UNESCO Chair Research Scholar participates to an international conference: “What’s Next?! Hype and Hope from Human Reproductive Cloning to Genome Editing”
On July 7th 2017, Prof. Mirko D. Garasic participated in a stimulating international conference in Turin on genome editing, reproductive technologies, science fiction and media. The conference was organized by Dr. Solveig Lena Hansen and Dr.

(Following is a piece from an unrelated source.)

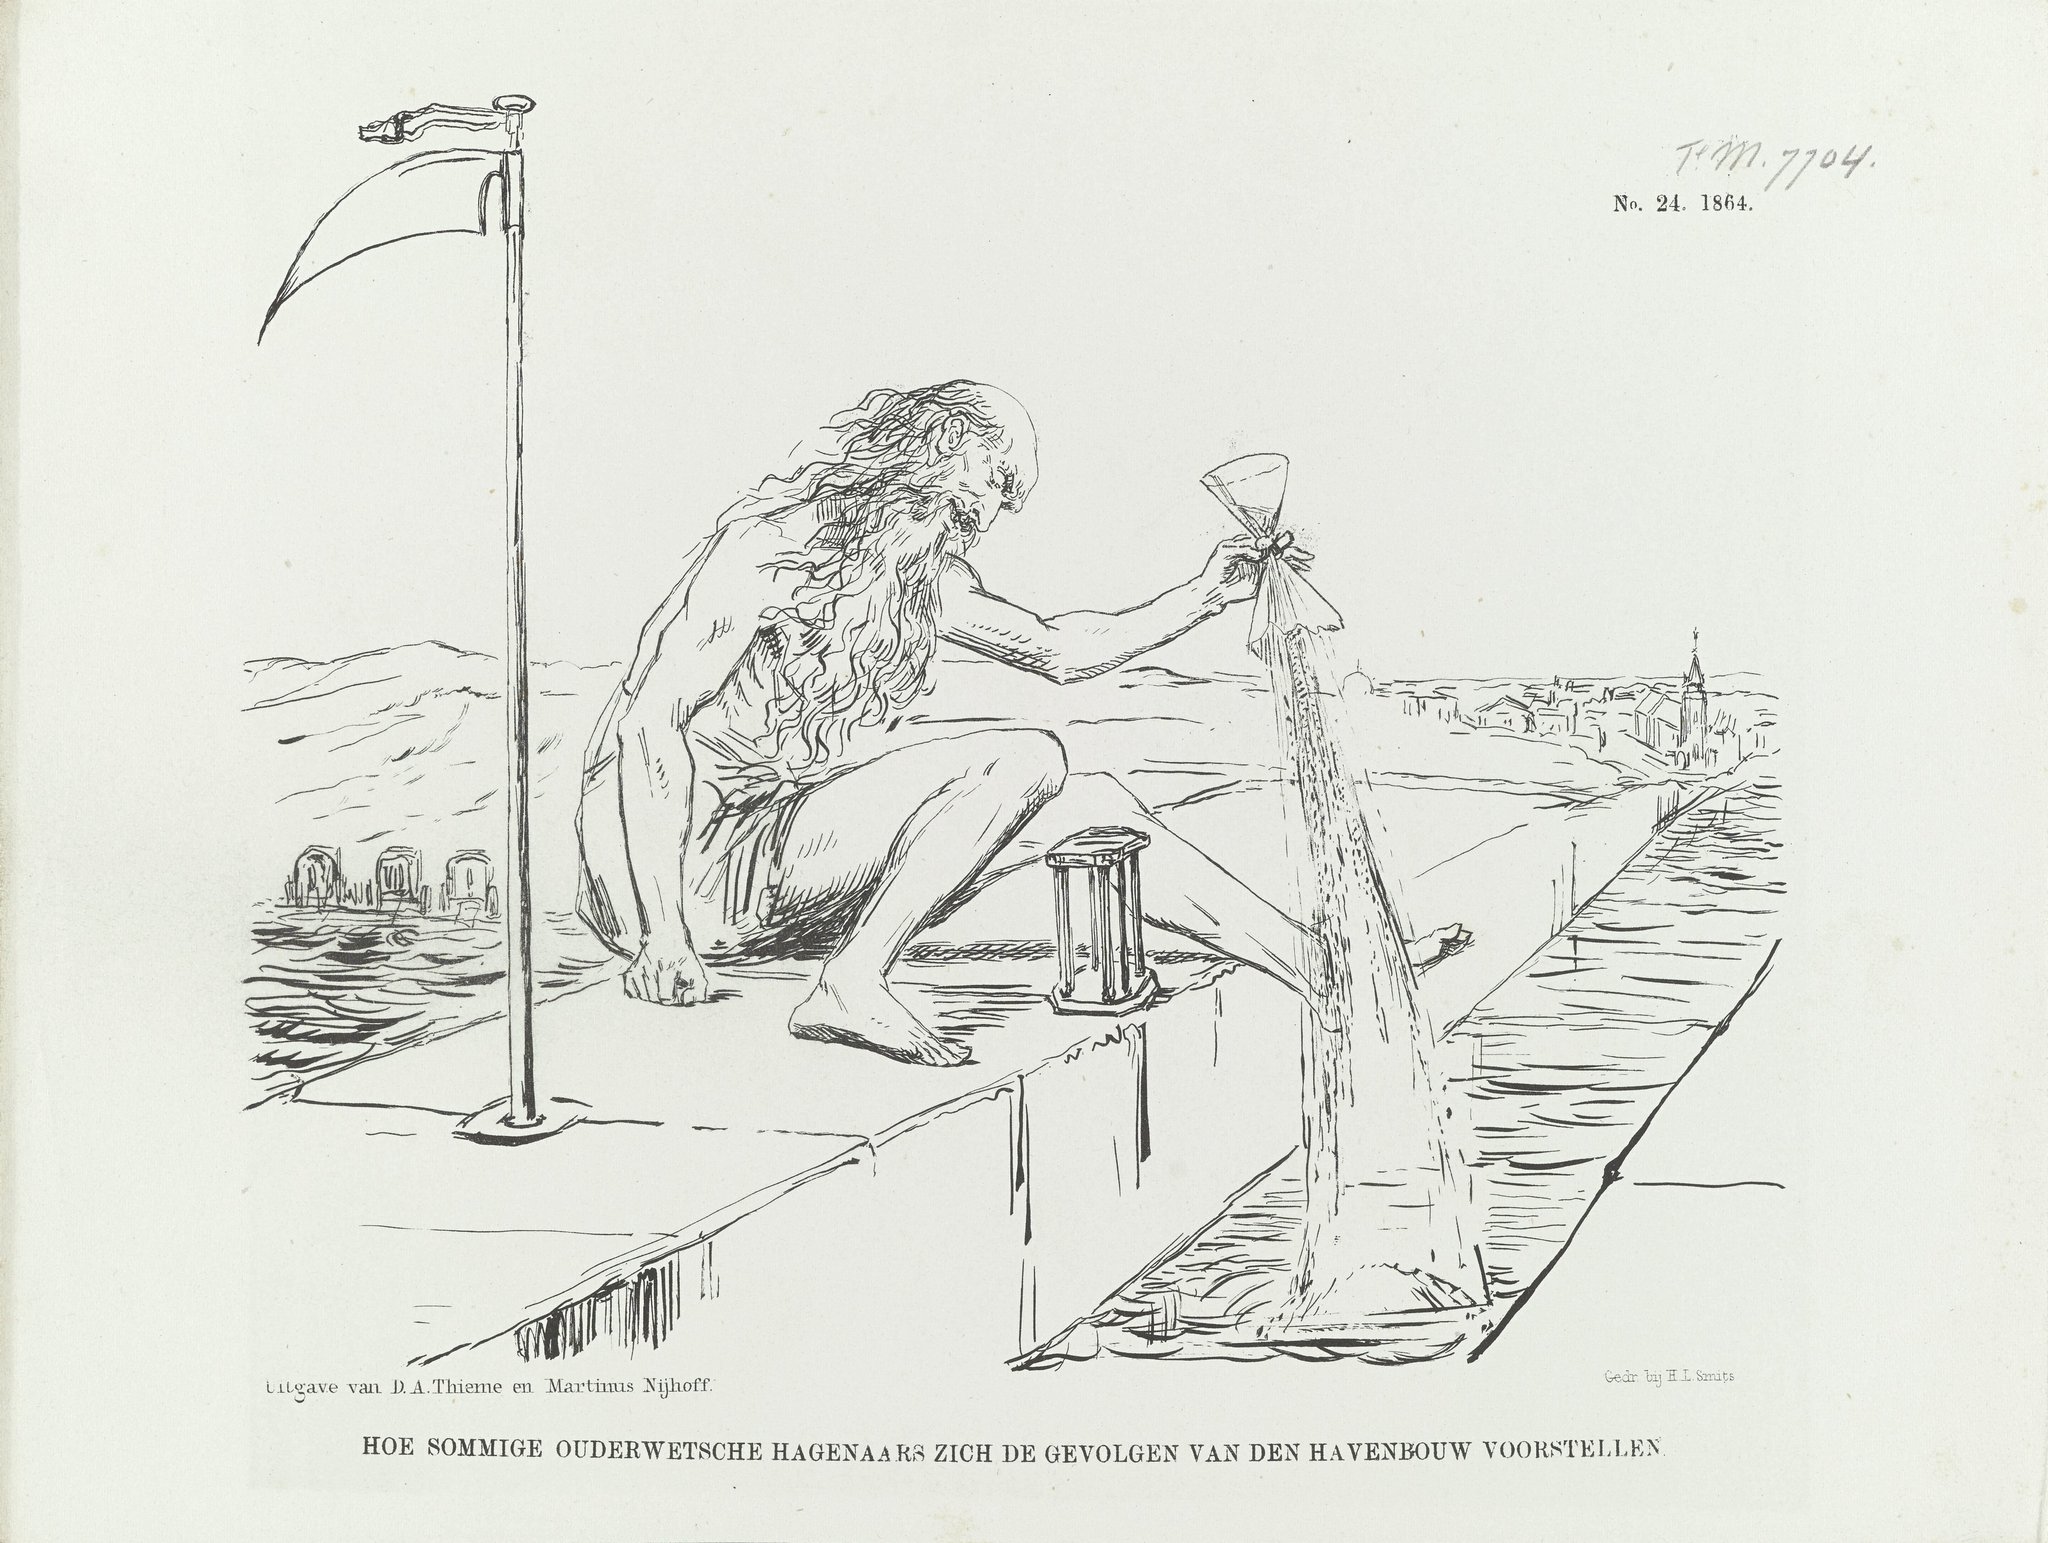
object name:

Maurizio Balistreri with the generous support of the Andrea Von Braun Stiftung.
The aim of this conference was to create a debate “on assisted reproduction and embryo research [that] are being revived through genome editing, artificial gametes, and mitochondrial donation. These technologies initiate discussions that involve the scientists themselves. […] In this debate, the technological promises are balanced against risks for future generations; which resembles similar patterns of arguments that were triggered after earlier inventions. Science fiction never stopped bringing individual and collective issues of these technologies to the public.”
Prof. Mirko D. Garasic gave his contribution with a talk entitled “The Evolution of Physical Enhancement in Cinematography” divulgating the ideas expressed in the recent published article in Studia Bioethica. In this article, he analyzes “the ways in which Physical Enhancement (PE) made its first cinematic appearance and then make comparisons with more recent filmic re-elaborations on the theme [offering] direct insights of some re-adaptations of the same film (Robocop) and saga (Star Trek), and take into account stories, mostly comic-based, that only recently arrived on the big screen, but that nonetheless followed a pre-existing narrative giving relevance to PE (Spider-Man, Captain America, X-Men).” The article can be read here.
Since 2009, one of Chair’s chief areas of interest has been Neurobioethics. The Chair is thus deeply concerned with the ethical issues inherent to progress in basic and clinical applications of neuroscience. The Chair’s experience in fostering the art of convergence and cooperation in global ethics enables her to gather diverse groups of international professionals and researchers from various specialties adopting an interdisciplinary approach on the ethics of neuroscience and the neuroscience of ethics.